The nature of the Emperor is intertwined with Shinto, a set of religious practices translated as "the way of the gods" to distinguish it from Buddhism. It began as animistic, in which the highest temporal leaders also had the highest spiritual power. One of the early challenges of Japan was to merge the native animism with both the role of the Chinese secular leader, beginning in the Taika Reform of 645.[2]

The Emperor of Japan has been Naruhito since 1st May 2019.


Names are sometimes confusing; the Emperor has a personal name, but, a name is given to the reign, which may become the better-known posthumous name of the Emperor. For example, Mutsuhito was the human emperor during what became called the Meiji Restoration, so Mutsuhito is also called the Meiji Emperor in the Meiji Era. His grandson, Hirohito, is also called the Showa Emperor for his reign, ironically translated as "heavenly peace". "Meiji emperor" is used in practice in Japan but "Hirohito" is better known elsewhere.

Groups of imperial, or sometimes by the "servant" but actually head of government, the shogun, reigns have also been called periods, usually named for the location of the government, sometimes by an ancient name:

It has been suggested, from a perspective of Japanese history, that Douglas MacArthur established himself in the role of shogun to Hirohito. [4], but this is something of an oversimplification. In 1945, the Japanese people had no experience either of being a conquered people or a democracy. The actual power of the Emperor has waxed and waned, but for much of Japanese history, his authority was delegated although he had spiritual power — which might or might not be accessible outside the royal court. [5] The theoretical authority of the emperor, especially from 1868 to 1945, has been controversial, as in the organ theory of government. Some Emperors, especially Hirohito, appear to have taken a significant behind-the-scenes operational role. Akihito and his descendants, however, are purely ceremonial.

Controlling foreign and military policy, therefore, is most significant with Hirohito and Mutsohito; Yoshihito was ill and could take little role.
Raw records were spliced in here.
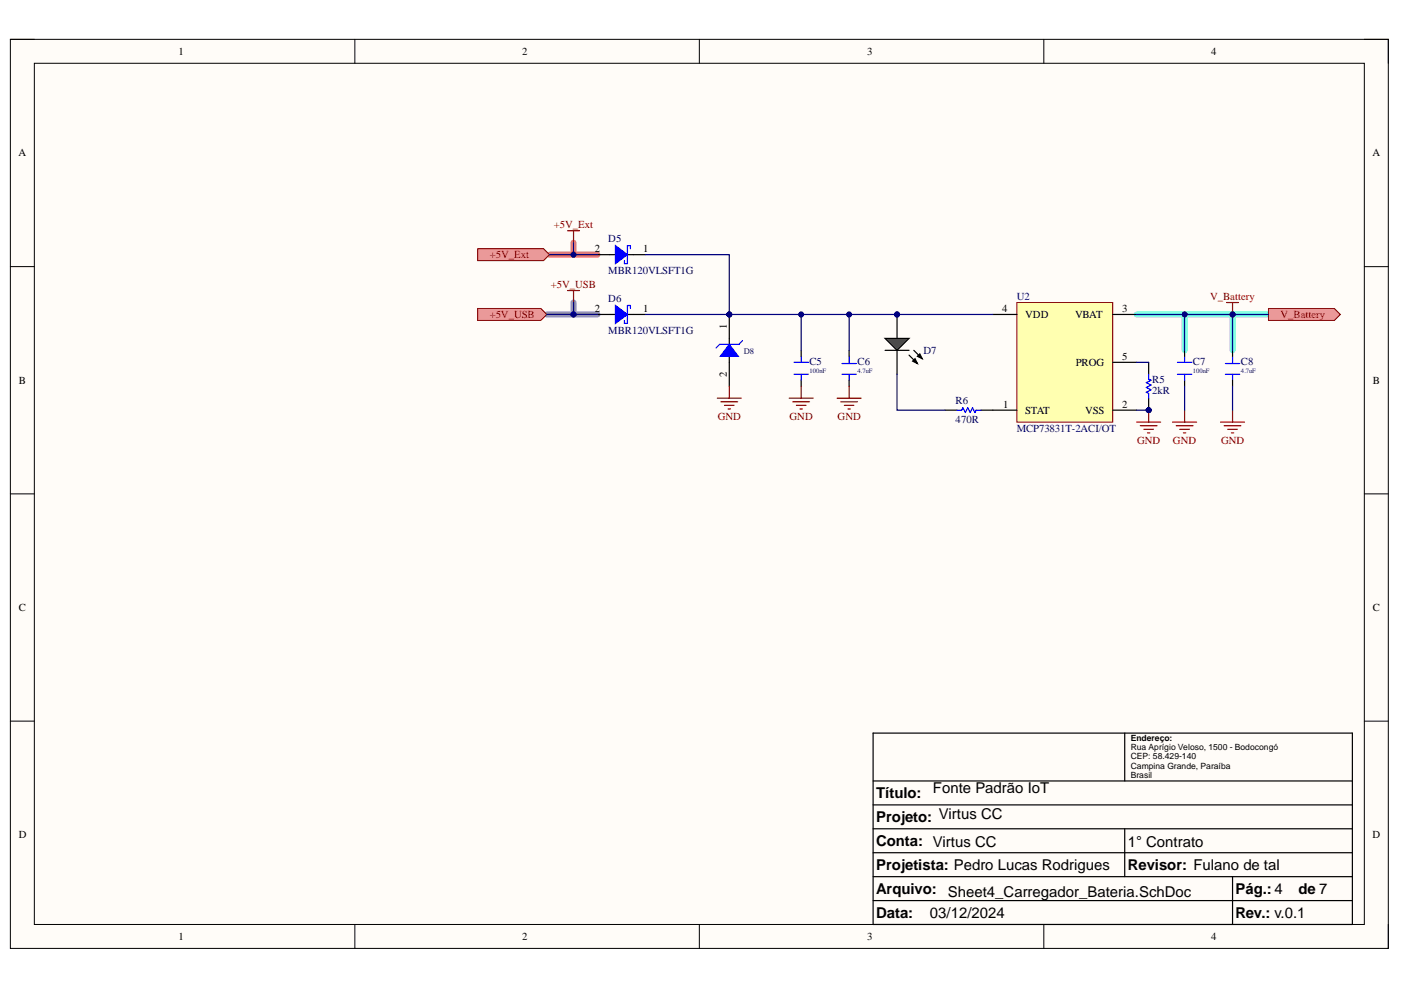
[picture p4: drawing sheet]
<svg xmlns="http://www.w3.org/2000/svg" width="297mm" height="210mm" viewBox="0 0 297 210" stroke-linecap="round" stroke-linejoin="round" font-family="sans-serif">
<defs><g id="words">
<g font-size="3.2">
<text x="185.7" y="169.2">Título:</text>
<text x="197.8" y="168">Fonte Padrão IoT</text>
<text x="185.7" y="174.2">Projeto: Virtus CC</text>
<text x="185.7" y="179.4">Conta: Virtus CC</text>
<text x="239.1" y="179.5">1° Contrato</text>
<text x="185.7" y="184.4">Projetista: Pedro Lucas Rodrigues</text>
<text x="239.1" y="184.4">Revisor: Fulano de tal</text>
<text x="185.7" y="189.5">Arquivo:</text>
<text x="201" y="190.2">Sheet4_Carregador_Bateria.SchDoc</text>
<text x="262" y="189.5">Pág.:4</text>
<text x="275.3" y="189.5">de 7</text>
<text x="185.7" y="194.5">Data:</text>
<text x="197.2" y="194.7">03/12/2024</text>
<text x="262" y="194.5">Rev.: v.0.1</text>
</g>
<g font-size="2.3">
<text x="37.8" y="11.6">1</text>
<text x="110.7" y="11.6">2</text>
<text x="183.8" y="11.6">3</text>
<text x="256.8" y="11.6">4</text>
<text x="3.9" y="33.2">A</text>
<text x="291" y="33.2">A</text>
<text x="126.1" y="53.5">2</text>
<text x="136.3" y="53.5">1</text>
<text x="126.1" y="66.2">2</text>
<text x="136.3" y="66.2">1</text>
<text x="154.1" y="69.7" transform="rotate(-90 154.1 69.7)">1</text>
<text x="212.5" y="66.2">4</text>
<text x="217.4" y="67.4">VDD</text>
<text x="227.9" y="67.4">VBAT</text>
<text x="238" y="66.2">3</text>
<text x="228.1" y="77.6">PROG</text>
<text x="238" y="76.3">5</text>
<text x="4" y="81.4">B</text>
<text x="154.1" y="79.9" transform="rotate(-90 154.1 79.9)">2</text>
<text x="291.1" y="81.4">B</text>
<text x="212.7" y="86.4">1</text>
<text x="217.4" y="87.7">STAT</text>
<text x="230.1" y="87.7">VSS</text>
<text x="238" y="86.4">2</text>
<text x="4" y="129.6">C</text>
<text x="291.1" y="129.6">C</text>
<text x="4" y="177.7">D</text>
<text x="291" y="177.7">D</text>
<text x="37.8" y="199.3">1</text>
<text x="110.7" y="199.3">2</text>
<text x="183.8" y="199.3">3</text>
<text x="256.8" y="199.3">4</text>
</g>
<g font-size="2.3" fill="#800000">
<text x="117.4" y="48.4">+5V_Ext</text>
<text x="116.8" y="61.1">+5V_USB</text>
<text x="256.6" y="63.6">V_Battery</text>
<text x="152.2" y="89">GND</text>
<text x="167.4" y="89">GND</text>
<text x="177.6" y="89">GND</text>
<text x="241.1" y="94.1">GND</text>
<text x="248.7" y="94.1">GND</text>
<text x="258.9" y="94.1">GND</text>
</g>
<g font-size="2.3" fill="#000080">
<text x="129" y="51.3">D5</text>
<text x="129" y="58.2">MBR120VLSFT1G</text>
<text x="129" y="64">D6</text>
<text x="215.6" y="63.6">U2</text>
<text x="129" y="70.9">MBR120VLSFT1G</text>
<text x="171.6" y="77.3">C5</text>
<text x="181.8" y="77.3">C6</text>
<text x="195.8" y="75">D7</text>
<text x="252.9" y="77.3">C7</text>
<text x="263.1" y="77.3">C8</text>
<text x="244.3" y="83.6">2kR</text>
<text x="244.3" y="81.1">R5</text>
<text x="202.6" y="89.8">470R</text>
<text x="202.6" y="85.7">R6</text>
<text x="215.6" y="91.5">MCP73831T-2ACI/OT</text>
</g>
<g font-size="2.3" fill="#980000">
<text x="103.8" y="54.7">+5V_Ext</text>
<text x="103.8" y="67.4">+5V_USB</text>
<text x="271.5" y="67.4">V_Battery</text>
</g>
<text font-size="1.8" fill="#000080" x="157.7" y="75.1">D8</text>
<g font-size="1.8">
<text x="239.7" y="157.1">Endereço:</text>
<text x="239.7" y="159">Rua Aprígio Veloso, 1500 - Bodocongó</text>
<text x="239.7" y="161">CEP: 58.429-140</text>
<text x="239.7" y="163">Campina Grande, Paraíba</text>
<text x="239.7" y="165">Brasil</text>
</g>
<g font-size="1.4" fill="#000080">
<text x="171.6" y="79">100nF</text>
<text x="181.8" y="79">4.7uF</text>
<text x="252.9" y="79">100nF</text>
<text x="263.1" y="79">4.7uF</text>
</g>
</g></defs>
<path d="M2.2 8.3h292.1v192.8h-292.1z" fill-rule="evenodd" fill="#fffcf8"/>
<path d="M2.2 8.3h292.1v192.8h-292.1z" fill="none" stroke="#000" stroke-width=".21"/>
<path d="M7.3 13.4h282v182.6h-282z" fill-rule="evenodd" fill="#fffcf8"/>
<g fill="none" stroke="#000" stroke-width=".21">
<path d="M2.2 8.3h5.1M7.3 13.4h282v182.6h-282zM75.2 8.3v5.1M148.3 8.3v5.1M221.3 8.3v5.1M289.3 8.3h5v5.1M2.2 56.5h5.1M289.3 56.5h5M2.2 104.7h5.1M289.3 104.7h5M2.2 152.9h5.1M289.3 152.9h5"/>
<path d="M75.2 196v5.1M148.3 196v5.1M221.3 196v5.1M294.3 196v5.1"/>
</g>
<path d="M116.5 54h10.2M121.6 51.5v2.5" fill="none" stroke="#ff6e6e" stroke-width="1.3"/>
<path d="M115.9 66.7h10.8M121.6 64.1v2.6" fill="none" stroke="#6e6eff" stroke-width="1.3"/>
<path d="M241 66.7h20.3v7.6M251.2 66.7v7.6M261.3 66.7h7.6" fill="none" stroke="#6effff" stroke-width="1.3"/>
<path d="M129.2 54h5.1M185.1 155.4h101.6v40.6h-101.6zM238.5 155.4v10.2M185.1 175.7h101.6M185.1 170.7h101.6M185.1 165.6h101.6M238.5 175.7v10.2M185.1 190.9h101.6M185.1 185.9h101.6M185.1 180.8h101.6M261.3 185.9v10.1" fill="none" stroke="#000" stroke-width=".25"/>
<path d="M130.5 52.1l2.5 1.9-2.5 1.9z" fill="#00f"/>
<path d="M130.5 52.1l2.5 1.9-2.5 1.9zM133.7 52.7v-.6h-.7v3.8h-.6v-.6" fill="none" stroke="#00f" stroke-width=".25"/>
<path d="M126.7 54h2.5M134.3 54h2.5M129.2 66.7h5.1" fill="none" stroke="#000" stroke-width=".25"/>
<path d="M130.5 64.8l2.5 1.9-2.5 1.9z" fill="#00f"/>
<path d="M130.5 64.8l2.5 1.9-2.5 1.9zM133.7 65.4v-.6h-.7v3.8h-.6v-.7" fill="none" stroke="#00f" stroke-width=".25"/>
<path d="M126.7 66.7h2.5M134.3 66.7h2.5" fill="none" stroke="#000" stroke-width=".25"/>
<path d="M101.3 52.7h13.9l1.3 1.3-1.3 1.3h-13.9z" fill-rule="evenodd" fill="#ea9999"/>
<path d="M101.3 52.7h13.9l1.3 1.3-1.3 1.3h-13.9z" fill="none" stroke="#800000" stroke-width=".21"/>
<path d="M120.3 48.9h2.6M121.6 48.9v2.6" fill="none" stroke="#800000" stroke-width=".25"/>
<path d="M101.3 65.4h13.4l1.2 1.3-1.2 1.2h-13.4z" fill-rule="evenodd" fill="#ea9999"/>
<path d="M101.3 65.4h13.4l1.2 1.3-1.2 1.2h-13.4z" fill="none" stroke="#800000" stroke-width=".21"/>
<path d="M120.3 61.6h2.6M121.6 61.6v2.5" fill="none" stroke="#800000" stroke-width=".25"/>
<circle cx="154.6" cy="66.7" r=".51" fill="#000080"/>
<circle cx="154.6" cy="66.7" r=".51" fill="none" stroke="#000080" stroke-width=".21"/>
<path d="M154.6 66.7v10.1" fill="none" stroke="#000" stroke-width=".25"/>
<circle cx="154.6" cy="66.7" r=".51" fill="#000080"/>
<circle cx="154.6" cy="66.7" r=".51" fill="none" stroke="#000080" stroke-width=".21"/>
<path d="M154.6 76.8v5.1" fill="none" stroke="#000" stroke-width=".25"/>
<path d="M154.6 73l1.9 2.5h-3.8z" fill="#00f"/>
<path d="M154.6 73l1.9 2.5h-3.8zM157.4 72.3l-.7 .7h-4.1l-.8 .8M168.3 76.8h3.1M168.3 79.4h3.1M169.9 75.5v1.3M169.9 79.4v1.2M178.5 79.4h3.1M178.5 77.1h3.1M180 75.5v1.6M180 79.4v1.2M202.9 87h1l.3-.5 .5 1 .5-1 .5 1 .5-1 .5 1 .3-.5h1" fill="none" stroke="#00f" stroke-width=".25"/>
<g fill="none" stroke="#800000" stroke-width=".25">
<path d="M152.1 84.4h5.1M152.8 85.2h3.6M153.6 85.9h2M154.4 86.7h.5M154.6 81.9v2.5M167.3 84.4h5.1M168.1 85.2h3.5M168.8 85.9h2.1M169.6 86.7h.5M169.9 81.9v2.5M177.5 84.4h5.1M178.3 85.2h3.5"/>
<path d="M179 86h2M179.8 86.7h.5M180 81.9v2.5"/>
</g>
<path d="M169.9 74.3v1.2M180 74.3v1.2M169.9 80.6v1.3M180 80.6v1.3M200.4 87h2.5M208 87h2.5" fill="none" stroke="#000" stroke-width=".25"/>
<circle cx="190.2" cy="66.7" r=".51" fill="#000080"/>
<circle cx="190.2" cy="66.7" r=".51" fill="none" stroke="#000080" stroke-width=".21"/>
<path d="M190.2 66.7v5" fill="none" stroke="#000" stroke-width=".25"/>
<circle cx="190.2" cy="66.7" r=".51" fill="#000080"/>
<circle cx="190.2" cy="66.7" r=".51" fill="none" stroke="#000080" stroke-width=".21"/>
<path d="M190.2 74.3v5.1" fill="none" stroke="#000" stroke-width=".25"/>
<path d="M187.7 71.7h5l-2.5 2.6z" fill="#0f0"/>
<path d="M187.7 71.7h5l-2.5 2.6zM187.7 74.3h5M192.7 75.3l1.8 1.8M193.7 74.3l1.8 1.8M194 76.1l.5 1-1-.5zM194.5 75.5l.5-.5 .5 1.1z" fill="none" stroke="#000" stroke-width=".25"/>
<path d="M194 76.1l.5 1-1-.5zM194.5 75.5l.5-.5 .5 1.1z" fill="#000"/>
<path d="M215.6 64.1h20.3v25.4h-20.3z" fill-rule="evenodd" fill="#ffffb0"/>
<path d="M215.6 64.1h20.3v25.4h-20.3z" fill="none" stroke="#800000" stroke-width=".21"/>
<path d="M210.5 66.7h5.1M235.9 66.7h5.1M235.9 76.8h5.1M210.5 87h5.1M235.9 87h5.1" fill="none" stroke="#000" stroke-width=".25"/>
<circle cx="243.5" cy="87" r=".51" fill="#000080"/>
<circle cx="243.5" cy="87" r=".51" fill="none" stroke="#000080" stroke-width=".21"/>
<path d="M243.5 84.4v2.6" fill="none" stroke="#000" stroke-width=".25"/>
<circle cx="243.5" cy="87" r=".51" fill="#000080"/>
<circle cx="243.5" cy="87" r=".51" fill="none" stroke="#000080" stroke-width=".21"/>
<path d="M243.5 76.8v2.6" fill="none" stroke="#000" stroke-width=".25"/>
<path d="M243.5 79.4v1l.5 .2-1 .5 1 .5-1 .5 1 .5-1 .6 .5 .2v1" fill="none" stroke="#00f" stroke-width=".25"/>
<path d="M241 89.5h5.1M241.8 90.3h3.5M242.5 91h2.1M243.3 91.8h.5M243.5 87v2.5" fill="none" stroke="#800000" stroke-width=".25"/>
<circle cx="243.5" cy="87" r=".51" fill="#000080"/>
<circle cx="243.5" cy="87" r=".51" fill="none" stroke="#000080" stroke-width=".21"/>
<path d="M249.6 79.4h3.1M249.6 76.8h3.1M251.2 75.5v1.3M251.2 79.4v1.2M259.8 77.1h3M259.8 79.4h3M261.3 75.5v1.6M261.3 79.4v1.2" fill="none" stroke="#00f" stroke-width=".25"/>
<path d="M251.2 74.3v1.2M261.3 74.3v1.2M251.2 80.6v1.3M261.3 80.6v1.3" fill="none" stroke="#000" stroke-width=".25"/>
<path d="M248.6 89.5h5.1M249.4 90.3h3.5M250.1 91h2.1M250.9 91.8h.5M251.2 87v2.5M258.8 89.5h5.1M259.5 90.3h3.6M260.3 91h2M261.1 91.8h.5M261.3 87v2.5" fill="none" stroke="#800000" stroke-width=".25"/>
<path d="M121.6 51.5v2.5" fill="none" stroke="#000080" stroke-width=".25"/>
<circle cx="121.6" cy="54" r=".51" fill="#000080"/>
<circle cx="121.6" cy="54" r=".51" fill="none" stroke="#000080" stroke-width=".21"/>
<path d="M121.6 64.1v2.6" fill="none" stroke="#000080" stroke-width=".25"/>
<circle cx="121.6" cy="66.7" r=".51" fill="#000080"/>
<circle cx="121.6" cy="66.7" r=".51" fill="none" stroke="#000080" stroke-width=".21"/>
<path d="M115.9 66.7h10.8" fill="none" stroke="#000080" stroke-width=".25"/>
<circle cx="121.6" cy="66.7" r=".51" fill="#000080"/>
<circle cx="121.6" cy="66.7" r=".51" fill="none" stroke="#000080" stroke-width=".21"/>
<path d="M116.5 54h10.2" fill="none" stroke="#000080" stroke-width=".25"/>
<circle cx="121.6" cy="54" r=".51" fill="#000080"/>
<circle cx="121.6" cy="54" r=".51" fill="none" stroke="#000080" stroke-width=".21"/>
<path d="M136.8 66.7h17.8" fill="none" stroke="#000080" stroke-width=".25"/>
<circle cx="154.6" cy="66.7" r=".51" fill="#000080"/>
<circle cx="154.6" cy="66.7" r=".51" fill="none" stroke="#000080" stroke-width=".21"/>
<path d="M136.8 54h17.8v12.7" fill="none" stroke="#000080" stroke-width=".25"/>
<circle cx="154.6" cy="66.7" r=".51" fill="#000080"/>
<circle cx="154.6" cy="66.7" r=".51" fill="none" stroke="#000080" stroke-width=".21"/>
<path d="M154.6 66.7h15.3v7.6" fill="none" stroke="#000080" stroke-width=".25"/>
<circle cx="169.9" cy="66.7" r=".51" fill="#000080"/>
<circle cx="169.9" cy="66.7" r=".51" fill="none" stroke="#000080" stroke-width=".21"/>
<circle cx="154.6" cy="66.7" r=".51" fill="#000080"/>
<circle cx="154.6" cy="66.7" r=".51" fill="none" stroke="#000080" stroke-width=".21"/>
<path d="M169.9 66.7h10.1v7.6" fill="none" stroke="#000080" stroke-width=".25"/>
<circle cx="180" cy="66.7" r=".51" fill="#000080"/>
<circle cx="180" cy="66.7" r=".51" fill="none" stroke="#000080" stroke-width=".21"/>
<circle cx="169.9" cy="66.7" r=".51" fill="#000080"/>
<circle cx="169.9" cy="66.7" r=".51" fill="none" stroke="#000080" stroke-width=".21"/>
<path d="M180 66.7h10.2M190.2 79.4v7.6h10.2" fill="none" stroke="#000080" stroke-width=".25"/>
<circle cx="180" cy="66.7" r=".51" fill="#000080"/>
<circle cx="180" cy="66.7" r=".51" fill="none" stroke="#000080" stroke-width=".21"/>
<circle cx="190.2" cy="66.7" r=".51" fill="#000080"/>
<circle cx="190.2" cy="66.7" r=".51" fill="none" stroke="#000080" stroke-width=".21"/>
<path d="M190.2 66.7h20.3" fill="none" stroke="#000080" stroke-width=".25"/>
<circle cx="190.2" cy="66.7" r=".51" fill="#000080"/>
<circle cx="190.2" cy="66.7" r=".51" fill="none" stroke="#000080" stroke-width=".21"/>
<path d="M241 87h2.5" fill="none" stroke="#000080" stroke-width=".25"/>
<circle cx="243.5" cy="87" r=".51" fill="#000080"/>
<circle cx="243.5" cy="87" r=".51" fill="none" stroke="#000080" stroke-width=".21"/>
<path d="M241 66.7h20.3v7.6" fill="none" stroke="#000080" stroke-width=".25"/>
<circle cx="251.2" cy="66.7" r=".51" fill="#000080"/>
<circle cx="251.2" cy="66.7" r=".51" fill="none" stroke="#000080" stroke-width=".21"/>
<circle cx="261.3" cy="66.7" r=".51" fill="#000080"/>
<circle cx="261.3" cy="66.7" r=".51" fill="none" stroke="#000080" stroke-width=".21"/>
<path d="M251.2 66.7v7.6" fill="none" stroke="#000080" stroke-width=".25"/>
<circle cx="251.2" cy="66.7" r=".51" fill="#000080"/>
<circle cx="251.2" cy="66.7" r=".51" fill="none" stroke="#000080" stroke-width=".21"/>
<path d="M251.2 81.9v5.1M261.3 81.9v5.1" fill="none" stroke="#000080" stroke-width=".25"/>
<path d="M260.1 64.1h2.5M261.3 64.1v2.6" fill="none" stroke="#800000" stroke-width=".25"/>
<circle cx="261.3" cy="66.7" r=".51" fill="#000080"/>
<circle cx="261.3" cy="66.7" r=".51" fill="none" stroke="#000080" stroke-width=".21"/>
<path d="M268.9 65.4h14l1.3 1.3-1.3 1.2h-14z" fill-rule="evenodd" fill="#ea9999"/>
<path d="M268.9 65.4h14l1.3 1.3-1.3 1.2h-14z" fill="none" stroke="#800000" stroke-width=".21"/>
<path d="M261.3 66.7h7.6" fill="none" stroke="#000080" stroke-width=".25"/>
<circle cx="261.3" cy="66.7" r=".51" fill="#000080"/>
<circle cx="261.3" cy="66.7" r=".51" fill="none" stroke="#000080" stroke-width=".21"/>
<path d="M241 76.8h2.5" fill="none" stroke="#000080" stroke-width=".25"/>
<use href="#words"/>
</svg>

The Japanese concept is very different than the western one of civilian control of the military, as that implies the legitimacy of control deriving from the democratic consent of the governed.


The traditional first emperor, Jimmu, seventy-three generations before Hirohito, is considered of of divine origin.[6]

Under the Tokugawa Shogunate

Emperors after the fall of the Tokugawa Shogunate

Personal name Life Date of rule Reign name
Mutsohito 1852-1912 1867-1912 Meiji
Yasohito 1879-1926 1912-1926 Taisho
Hirohito 1901-1989 1926-1989 Showa
Akihito b. 1933 1989-2019 Heisei
Naruhito b. 1960 2019-present Reiwa

Mutsohito's authority

Hirohito's authority

It had been the immediate postwar position of Hirohito that he opposed World War Two in the Pacific, but, "as a constitutional monarch under a constitutional government, I could not avoid approving the decision of the Tojo government at the time of approving hostilities...actually I was virtually a prisoner and helpless." Biographer Herbert Bix responded that these statements were "apt symbols of the secrecy, myth and gross misrepresentation that surrounded his entire life."[7]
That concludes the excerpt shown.